◆ Task goal: Could you print the stretch of lines below from the one with "4) boat shoe (496,288,639,479)" through the one with "List them by the depth of their center, nearest", exactly as they stand and without any pictures?
Records for processing START
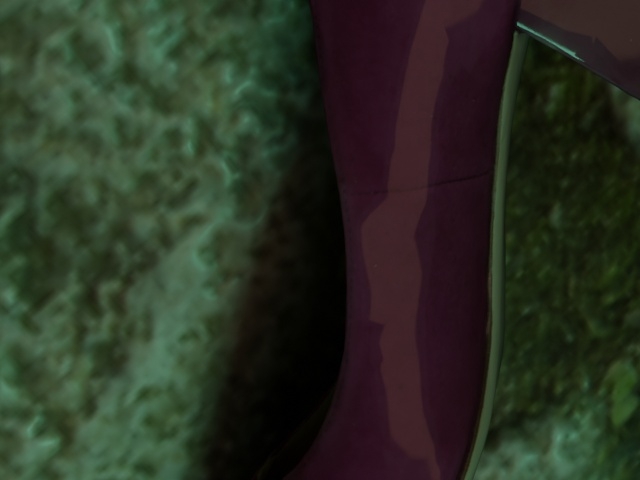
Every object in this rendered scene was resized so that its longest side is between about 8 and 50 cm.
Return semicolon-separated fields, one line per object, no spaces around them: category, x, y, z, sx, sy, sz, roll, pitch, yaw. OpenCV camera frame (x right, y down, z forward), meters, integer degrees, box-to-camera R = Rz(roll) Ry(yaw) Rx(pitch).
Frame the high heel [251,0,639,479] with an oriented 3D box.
high heel;0.000;0.000;0.566;0.181;0.127;0.377;27;99;-2
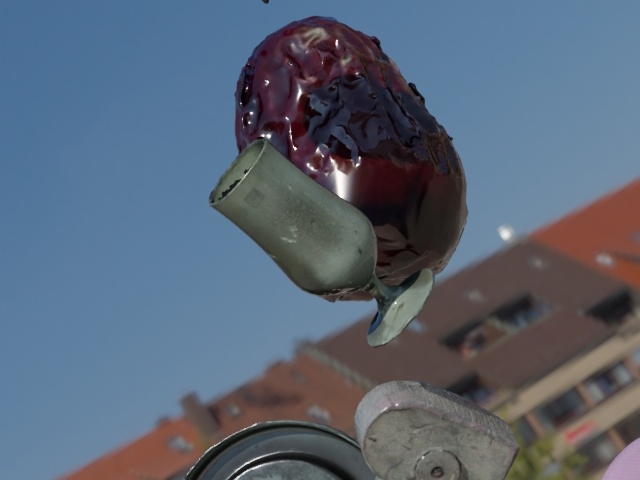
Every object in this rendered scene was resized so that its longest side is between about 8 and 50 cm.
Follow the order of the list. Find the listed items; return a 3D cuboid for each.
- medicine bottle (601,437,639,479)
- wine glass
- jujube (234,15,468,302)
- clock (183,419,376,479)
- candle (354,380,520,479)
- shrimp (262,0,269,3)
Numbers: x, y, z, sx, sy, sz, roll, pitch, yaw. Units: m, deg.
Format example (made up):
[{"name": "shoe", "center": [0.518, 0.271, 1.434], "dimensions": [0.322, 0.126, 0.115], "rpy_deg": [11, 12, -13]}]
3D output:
[{"name": "medicine bottle", "center": [0.406, 0.267, 1.522], "dimensions": [0.202, 0.202, 0.316], "rpy_deg": [-28, 8, -22]}, {"name": "wine glass", "center": [0.000, 0.000, 1.733], "dimensions": [0.103, 0.231, 0.103], "rpy_deg": [-44, 17, 17]}, {"name": "jujube", "center": [0.031, -0.094, 2.093], "dimensions": [0.258, 0.377, 0.258], "rpy_deg": [-16, -37, -12]}, {"name": "clock", "center": [-0.035, 0.374, 2.090], "dimensions": [0.312, 0.313, 0.061], "rpy_deg": [-35, -13, 5]}, {"name": "candle", "center": [0.128, 0.235, 1.840], "dimensions": [0.168, 0.192, 0.068], "rpy_deg": [-18, 23, 2]}, {"name": "shrimp", "center": [-0.050, -0.304, 1.742], "dimensions": [0.343, 0.116, 0.145], "rpy_deg": [-4, 12, 28]}]
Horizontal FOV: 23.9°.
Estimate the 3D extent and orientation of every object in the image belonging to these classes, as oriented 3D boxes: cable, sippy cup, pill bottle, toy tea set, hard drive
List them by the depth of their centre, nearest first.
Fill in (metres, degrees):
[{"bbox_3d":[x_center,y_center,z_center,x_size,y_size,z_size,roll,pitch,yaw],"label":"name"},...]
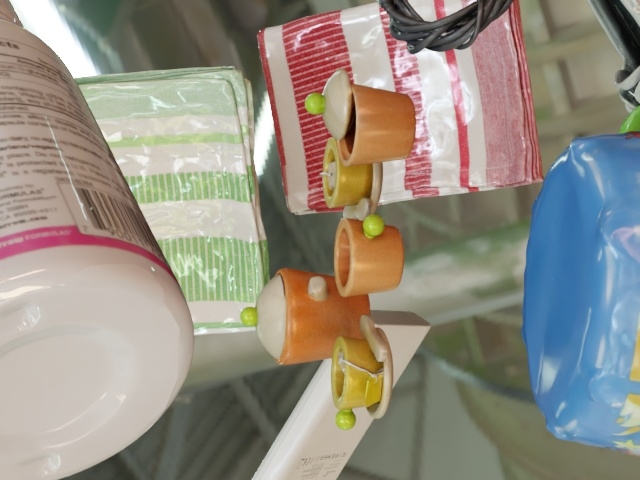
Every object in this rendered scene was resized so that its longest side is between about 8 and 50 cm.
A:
[{"bbox_3d":[-0.188,-0.020,0.812,0.160,0.160,0.283,49,-173,-50],"label":"pill bottle"},{"bbox_3d":[0.235,0.031,0.830,0.305,0.224,0.240,180,92,-82],"label":"sippy cup"},{"bbox_3d":[0.120,-0.238,1.338,0.047,0.151,0.184,58,-169,-47],"label":"cable"},{"bbox_3d":[0.000,0.000,1.424,0.200,0.124,0.336,-128,41,-70],"label":"toy tea set"},{"bbox_3d":[0.021,0.231,2.020,0.040,0.307,0.203,35,-168,24],"label":"hard drive"}]

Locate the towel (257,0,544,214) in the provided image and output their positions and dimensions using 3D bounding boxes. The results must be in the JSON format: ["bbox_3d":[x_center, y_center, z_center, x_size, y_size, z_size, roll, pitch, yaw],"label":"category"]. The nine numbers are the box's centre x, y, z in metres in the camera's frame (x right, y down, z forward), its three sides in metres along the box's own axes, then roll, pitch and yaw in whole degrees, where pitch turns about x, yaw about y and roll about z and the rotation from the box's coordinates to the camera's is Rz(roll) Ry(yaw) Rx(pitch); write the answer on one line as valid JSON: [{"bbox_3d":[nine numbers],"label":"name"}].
[{"bbox_3d":[0.087,-0.162,1.765,0.037,0.329,0.237,-18,-81,-63],"label":"towel"}]

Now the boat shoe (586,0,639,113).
[{"bbox_3d":[0.254,-0.132,1.133,0.227,0.081,0.079,63,168,-4],"label":"boat shoe"}]

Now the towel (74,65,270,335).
[{"bbox_3d":[-0.184,-0.033,1.690,0.038,0.248,0.324,-89,-6,-62],"label":"towel"}]
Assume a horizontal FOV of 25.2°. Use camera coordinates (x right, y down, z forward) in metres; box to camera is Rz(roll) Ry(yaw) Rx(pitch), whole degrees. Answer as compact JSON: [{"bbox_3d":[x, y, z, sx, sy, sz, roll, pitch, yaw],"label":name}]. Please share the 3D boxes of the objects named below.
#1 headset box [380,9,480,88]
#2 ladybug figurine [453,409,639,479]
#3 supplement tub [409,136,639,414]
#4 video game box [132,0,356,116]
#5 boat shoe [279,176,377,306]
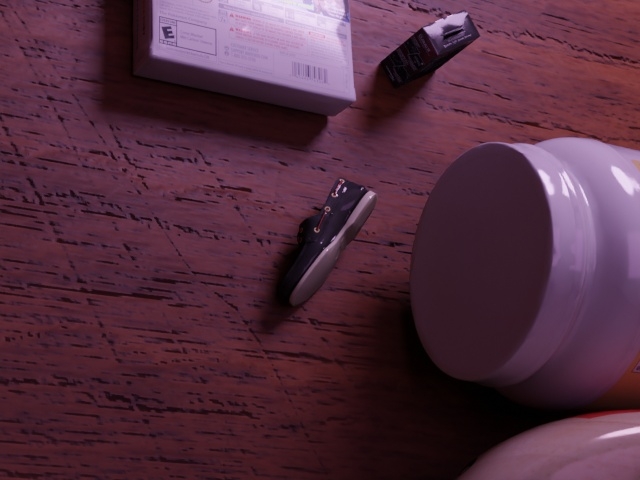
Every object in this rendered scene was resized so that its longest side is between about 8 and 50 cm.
[{"bbox_3d":[0.106,-0.183,1.352,0.062,0.083,0.032,-28,87,-37],"label":"headset box"},{"bbox_3d":[0.270,0.277,1.193,0.449,0.162,0.305,19,101,-26],"label":"ladybug figurine"},{"bbox_3d":[0.272,0.040,1.273,0.331,0.241,0.241,9,67,-29],"label":"supplement tub"},{"bbox_3d":[-0.069,-0.219,1.280,0.205,0.048,0.187,10,69,-29],"label":"video game box"},{"bbox_3d":[0.000,0.001,1.243,0.042,0.049,0.133,28,62,13],"label":"boat shoe"}]
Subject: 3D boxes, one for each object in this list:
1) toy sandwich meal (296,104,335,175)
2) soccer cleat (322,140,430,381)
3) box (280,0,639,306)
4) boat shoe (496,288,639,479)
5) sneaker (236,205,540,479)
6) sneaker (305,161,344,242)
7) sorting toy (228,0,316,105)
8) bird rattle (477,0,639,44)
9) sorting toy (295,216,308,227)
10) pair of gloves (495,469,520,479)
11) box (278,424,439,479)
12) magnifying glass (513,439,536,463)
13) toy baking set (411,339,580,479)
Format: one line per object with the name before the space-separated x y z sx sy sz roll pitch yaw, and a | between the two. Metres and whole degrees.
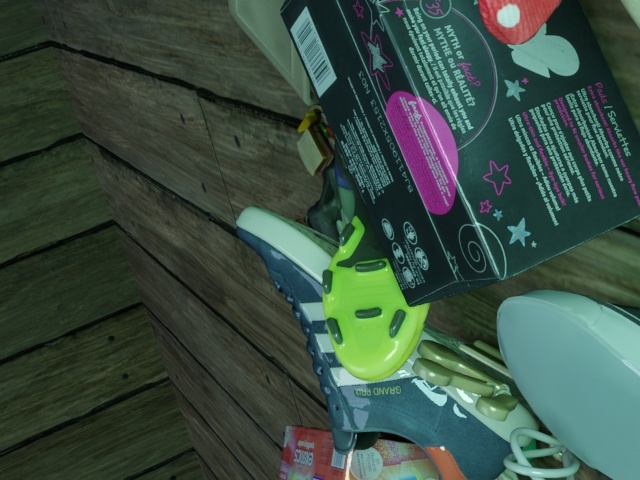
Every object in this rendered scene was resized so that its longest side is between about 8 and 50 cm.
toy sandwich meal | -0.002 -0.110 1.077 0.085 0.029 0.085 52 156 36
soccer cleat | 0.061 0.005 0.831 0.121 0.093 0.289 58 -155 -43
box | 0.097 -0.099 0.674 0.247 0.142 0.163 67 162 3
boat shoe | 0.238 0.092 0.578 0.306 0.105 0.113 20 126 56
sneaker | 0.028 0.109 0.910 0.350 0.148 0.131 40 -170 21
sneaker | 0.030 0.005 1.065 0.106 0.078 0.234 55 154 37
sorting toy | -0.046 -0.262 1.008 0.347 0.047 0.196 53 160 35
bird rattle | 0.159 -0.144 0.344 0.207 0.253 0.143 47 165 -15
sorting toy | 0.000 0.000 1.195 0.102 0.042 0.061 41 166 28
pair of gloves | 0.221 0.311 0.931 0.240 0.042 0.204 45 159 43
box | 0.046 0.309 1.154 0.300 0.142 0.154 148 132 -72
magnifying glass | 0.156 0.193 1.021 0.092 0.026 0.231 66 159 0
toy baking set | 0.171 0.142 0.717 0.256 0.197 0.030 37 109 48
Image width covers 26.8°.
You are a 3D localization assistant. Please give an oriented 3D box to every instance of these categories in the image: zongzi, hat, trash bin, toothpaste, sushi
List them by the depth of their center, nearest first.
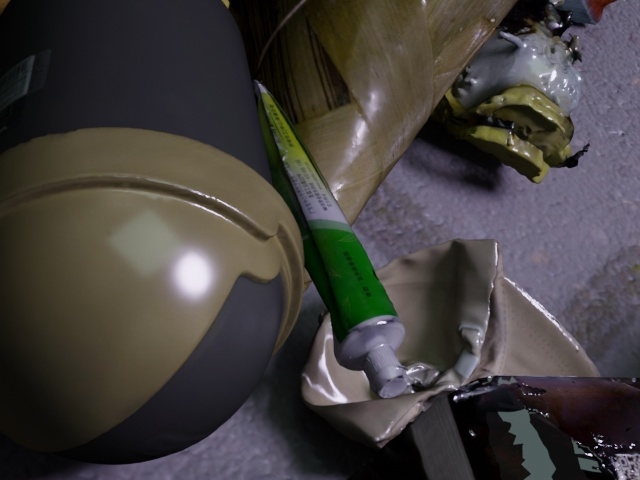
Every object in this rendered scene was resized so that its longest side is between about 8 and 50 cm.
[{"bbox_3d":[-0.121,-0.011,0.809,0.214,0.214,0.334,12,37,-19],"label":"trash bin"},{"bbox_3d":[0.000,0.000,0.886,0.047,0.078,0.248,-19,55,-9],"label":"toothpaste"},{"bbox_3d":[0.089,0.109,0.919,0.144,0.173,0.166,12,55,45],"label":"hat"},{"bbox_3d":[0.071,-0.131,0.995,0.145,0.274,0.300,35,37,-41],"label":"zongzi"},{"bbox_3d":[0.143,-0.169,1.154,0.139,0.131,0.291,24,42,-24],"label":"sushi"}]

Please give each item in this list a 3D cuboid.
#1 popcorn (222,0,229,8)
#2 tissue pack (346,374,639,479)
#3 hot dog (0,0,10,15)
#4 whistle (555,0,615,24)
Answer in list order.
[{"bbox_3d":[-0.129,-0.150,0.992,0.145,0.126,0.126,24,76,-1],"label":"popcorn"},{"bbox_3d":[0.152,0.257,0.689,0.210,0.198,0.370,3,54,-24],"label":"tissue pack"},{"bbox_3d":[-0.153,-0.316,1.092,0.405,0.185,0.223,-10,57,-35],"label":"hot dog"},{"bbox_3d":[0.229,-0.306,1.269,0.134,0.142,0.346,15,-2,23],"label":"whistle"}]
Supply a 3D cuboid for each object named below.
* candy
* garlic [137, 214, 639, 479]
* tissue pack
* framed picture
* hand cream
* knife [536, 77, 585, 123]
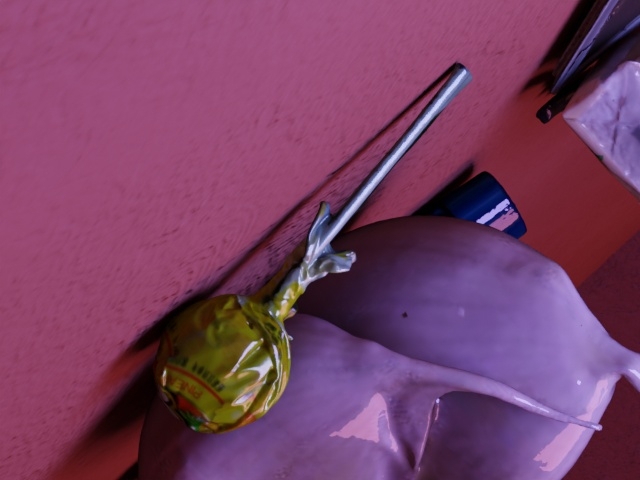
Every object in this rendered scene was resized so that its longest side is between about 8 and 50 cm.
[{"bbox_3d":[0.002,0.002,1.126,0.262,0.077,0.073,-50,174,-4],"label":"candy"},{"bbox_3d":[0.033,0.117,1.220,0.340,0.246,0.231,-25,175,42],"label":"garlic"},{"bbox_3d":[0.275,-0.075,1.398,0.090,0.186,0.222,-44,-178,24],"label":"tissue pack"},{"bbox_3d":[0.260,-0.225,1.257,0.232,0.019,0.296,-39,169,-22],"label":"framed picture"},{"bbox_3d":[0.034,0.049,1.483,0.270,0.061,0.120,-37,169,-1],"label":"hand cream"},{"bbox_3d":[0.187,-0.111,1.463,0.045,0.021,0.222,-46,174,25],"label":"knife"}]
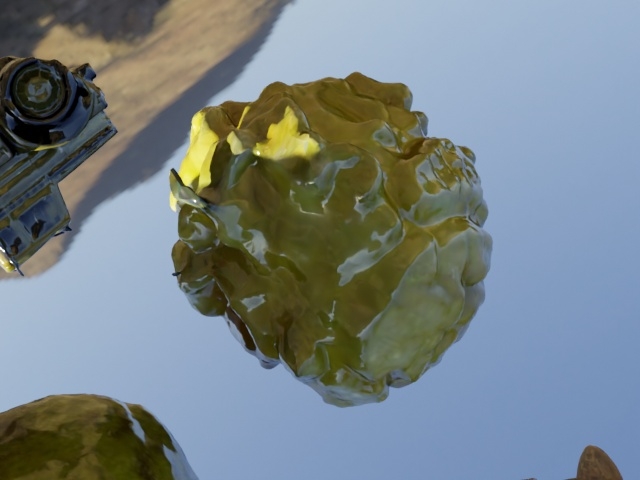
Records for processing END
◆ Solution to this exercise:
4) boat shoe (496,288,639,479)
5) sneaker (236,205,540,479)
6) sneaker (305,161,344,242)
7) sorting toy (228,0,316,105)
8) bird rattle (477,0,639,44)
9) sorting toy (295,216,308,227)
10) pair of gloves (495,469,520,479)
11) box (278,424,439,479)
12) magnifying glass (513,439,536,463)
13) toy baking set (411,339,580,479)
Format: one line per object with the name before the space-separated x y z sx sy sz roll pitch yaw, and a | between the two. Metres and whole degrees.
Every object in this rendered scene was resized so that its longest side is between about 8 and 50 cm.
toy sandwich meal | -0.002 -0.110 1.077 0.085 0.029 0.085 52 156 36
soccer cleat | 0.061 0.005 0.831 0.121 0.093 0.289 58 -155 -43
box | 0.097 -0.099 0.674 0.247 0.142 0.163 67 162 3
boat shoe | 0.238 0.092 0.578 0.306 0.105 0.113 20 126 56
sneaker | 0.028 0.109 0.910 0.350 0.148 0.131 40 -170 21
sneaker | 0.030 0.005 1.065 0.106 0.078 0.234 55 154 37
sorting toy | -0.046 -0.262 1.008 0.347 0.047 0.196 53 160 35
bird rattle | 0.159 -0.144 0.344 0.207 0.253 0.143 47 165 -15
sorting toy | 0.000 0.000 1.195 0.102 0.042 0.061 41 166 28
pair of gloves | 0.221 0.311 0.931 0.240 0.042 0.204 45 159 43
box | 0.046 0.309 1.154 0.300 0.142 0.154 148 132 -72
magnifying glass | 0.156 0.193 1.021 0.092 0.026 0.231 66 159 0
toy baking set | 0.171 0.142 0.717 0.256 0.197 0.030 37 109 48
Image width covers 26.8°.
You are a 3D localization assistant. Please give an oriented 3D box to every instance of these categories in the image: zongzi, hat, trash bin, toothpaste, sushi
List them by the depth of their center, nearest first.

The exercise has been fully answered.